## [ACTION ITEM]
After locating the line that contains "Answer as INI" in the data below, set down exactly that line and each one after it through the line that contains "#7 igniter <box>282,213,410,224</box>", and nothing more.

## [RECORDS FOR THIS TASK]
-=-=-

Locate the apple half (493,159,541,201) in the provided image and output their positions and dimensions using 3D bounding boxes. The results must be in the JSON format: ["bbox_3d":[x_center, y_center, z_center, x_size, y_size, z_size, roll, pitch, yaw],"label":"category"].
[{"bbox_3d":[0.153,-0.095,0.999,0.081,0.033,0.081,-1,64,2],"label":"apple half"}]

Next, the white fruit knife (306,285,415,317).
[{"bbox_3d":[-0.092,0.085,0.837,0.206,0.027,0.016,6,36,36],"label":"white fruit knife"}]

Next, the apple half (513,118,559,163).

-=-=-

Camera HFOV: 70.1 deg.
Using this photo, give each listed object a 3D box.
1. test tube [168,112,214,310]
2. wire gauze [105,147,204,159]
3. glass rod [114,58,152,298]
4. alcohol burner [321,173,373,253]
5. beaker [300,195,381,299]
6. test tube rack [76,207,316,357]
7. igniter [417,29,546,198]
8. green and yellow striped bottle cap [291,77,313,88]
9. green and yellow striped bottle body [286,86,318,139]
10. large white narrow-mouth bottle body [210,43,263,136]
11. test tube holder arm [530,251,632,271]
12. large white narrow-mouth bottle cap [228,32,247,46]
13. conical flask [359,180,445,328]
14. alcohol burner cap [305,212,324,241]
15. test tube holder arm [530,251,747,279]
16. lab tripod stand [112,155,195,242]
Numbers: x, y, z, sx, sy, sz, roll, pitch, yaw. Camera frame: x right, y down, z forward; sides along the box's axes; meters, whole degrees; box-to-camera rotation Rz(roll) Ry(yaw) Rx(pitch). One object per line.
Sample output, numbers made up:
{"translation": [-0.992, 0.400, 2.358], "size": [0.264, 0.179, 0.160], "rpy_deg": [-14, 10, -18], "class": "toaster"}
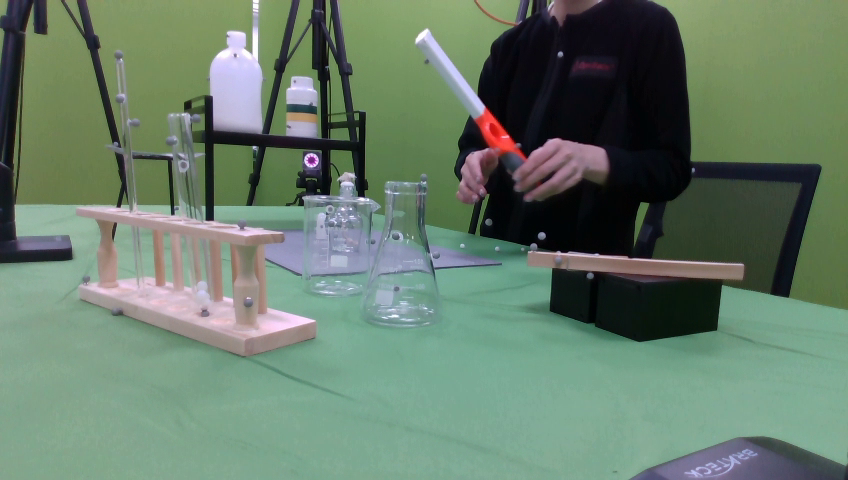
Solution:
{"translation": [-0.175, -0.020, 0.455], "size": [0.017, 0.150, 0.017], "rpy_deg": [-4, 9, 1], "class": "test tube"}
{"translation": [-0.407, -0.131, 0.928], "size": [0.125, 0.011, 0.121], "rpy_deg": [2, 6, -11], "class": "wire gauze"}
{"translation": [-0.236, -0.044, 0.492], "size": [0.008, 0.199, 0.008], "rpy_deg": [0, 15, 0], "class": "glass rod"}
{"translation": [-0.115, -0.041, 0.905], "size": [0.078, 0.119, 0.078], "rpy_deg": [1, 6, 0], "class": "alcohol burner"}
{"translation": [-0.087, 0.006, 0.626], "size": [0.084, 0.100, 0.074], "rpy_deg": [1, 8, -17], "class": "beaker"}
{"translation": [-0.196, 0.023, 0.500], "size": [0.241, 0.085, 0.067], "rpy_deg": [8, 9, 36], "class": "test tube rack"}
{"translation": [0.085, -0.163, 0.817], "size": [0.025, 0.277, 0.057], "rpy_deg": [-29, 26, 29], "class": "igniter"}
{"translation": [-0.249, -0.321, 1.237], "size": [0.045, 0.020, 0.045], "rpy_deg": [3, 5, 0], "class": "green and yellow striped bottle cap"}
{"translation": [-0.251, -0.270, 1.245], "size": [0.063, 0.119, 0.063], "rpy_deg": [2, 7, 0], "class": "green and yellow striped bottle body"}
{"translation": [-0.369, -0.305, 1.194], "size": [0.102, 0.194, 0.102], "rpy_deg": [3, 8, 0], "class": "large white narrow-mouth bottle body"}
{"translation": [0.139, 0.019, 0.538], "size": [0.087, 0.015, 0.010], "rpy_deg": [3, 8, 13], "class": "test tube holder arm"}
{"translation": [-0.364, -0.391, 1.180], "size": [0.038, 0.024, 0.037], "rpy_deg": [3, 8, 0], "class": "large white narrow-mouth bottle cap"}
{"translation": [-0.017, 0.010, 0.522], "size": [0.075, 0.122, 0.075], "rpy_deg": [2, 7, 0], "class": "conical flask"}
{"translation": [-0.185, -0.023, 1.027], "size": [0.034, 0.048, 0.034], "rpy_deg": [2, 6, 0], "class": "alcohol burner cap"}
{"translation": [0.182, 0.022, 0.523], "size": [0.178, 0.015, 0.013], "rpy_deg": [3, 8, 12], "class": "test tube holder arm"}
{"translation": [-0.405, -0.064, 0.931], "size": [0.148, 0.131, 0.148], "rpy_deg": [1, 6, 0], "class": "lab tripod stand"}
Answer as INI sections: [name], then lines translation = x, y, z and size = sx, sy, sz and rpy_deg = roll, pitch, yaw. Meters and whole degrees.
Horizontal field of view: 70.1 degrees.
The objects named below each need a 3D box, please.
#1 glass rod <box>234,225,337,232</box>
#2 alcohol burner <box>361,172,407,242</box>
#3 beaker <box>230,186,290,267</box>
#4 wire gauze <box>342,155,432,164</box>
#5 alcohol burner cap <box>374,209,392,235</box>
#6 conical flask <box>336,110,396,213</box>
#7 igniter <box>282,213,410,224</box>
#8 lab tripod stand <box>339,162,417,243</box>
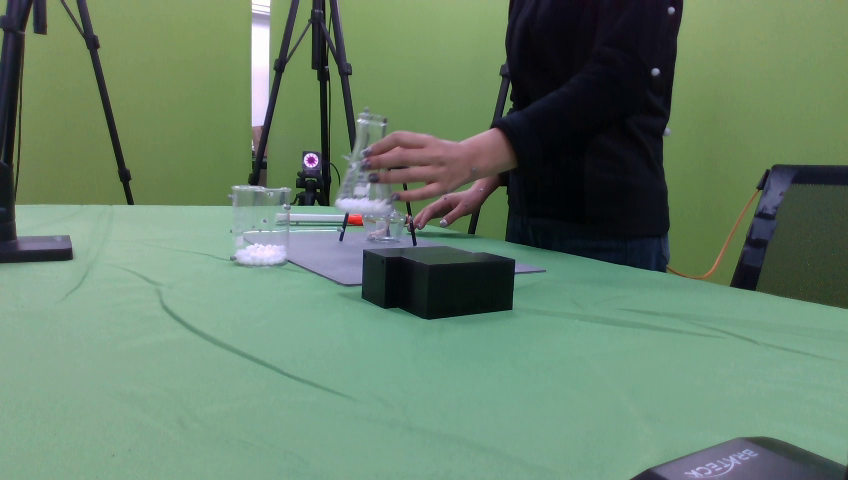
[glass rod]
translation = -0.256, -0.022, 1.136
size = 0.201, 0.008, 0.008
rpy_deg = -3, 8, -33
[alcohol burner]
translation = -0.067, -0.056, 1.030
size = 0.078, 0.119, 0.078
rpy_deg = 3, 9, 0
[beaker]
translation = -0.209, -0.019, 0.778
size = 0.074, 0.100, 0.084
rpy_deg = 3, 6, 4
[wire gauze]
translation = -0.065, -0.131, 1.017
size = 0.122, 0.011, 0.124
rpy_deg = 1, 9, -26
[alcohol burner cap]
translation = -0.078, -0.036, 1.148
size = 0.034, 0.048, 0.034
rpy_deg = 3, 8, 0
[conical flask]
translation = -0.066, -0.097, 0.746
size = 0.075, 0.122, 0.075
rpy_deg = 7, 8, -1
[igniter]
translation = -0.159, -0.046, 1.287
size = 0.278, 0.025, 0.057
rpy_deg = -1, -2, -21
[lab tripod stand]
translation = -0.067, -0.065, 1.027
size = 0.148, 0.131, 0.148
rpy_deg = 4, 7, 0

-=-=-

## [TASK RESPONSE]
Answer as INI sections: [name], then lines translation = x, y, z and size = sx, sy, sz and rpy_deg = roll, pitch, yaw. Meters and whole degrees.
Horizontal field of view: 70.1 degrees.
The objects named below each need a 3D box, please.
#1 glass rod <box>234,225,337,232</box>
#2 alcohol burner <box>361,172,407,242</box>
#3 beaker <box>230,186,290,267</box>
#4 wire gauze <box>342,155,432,164</box>
#5 alcohol burner cap <box>374,209,392,235</box>
#6 conical flask <box>336,110,396,213</box>
#7 igniter <box>282,213,410,224</box>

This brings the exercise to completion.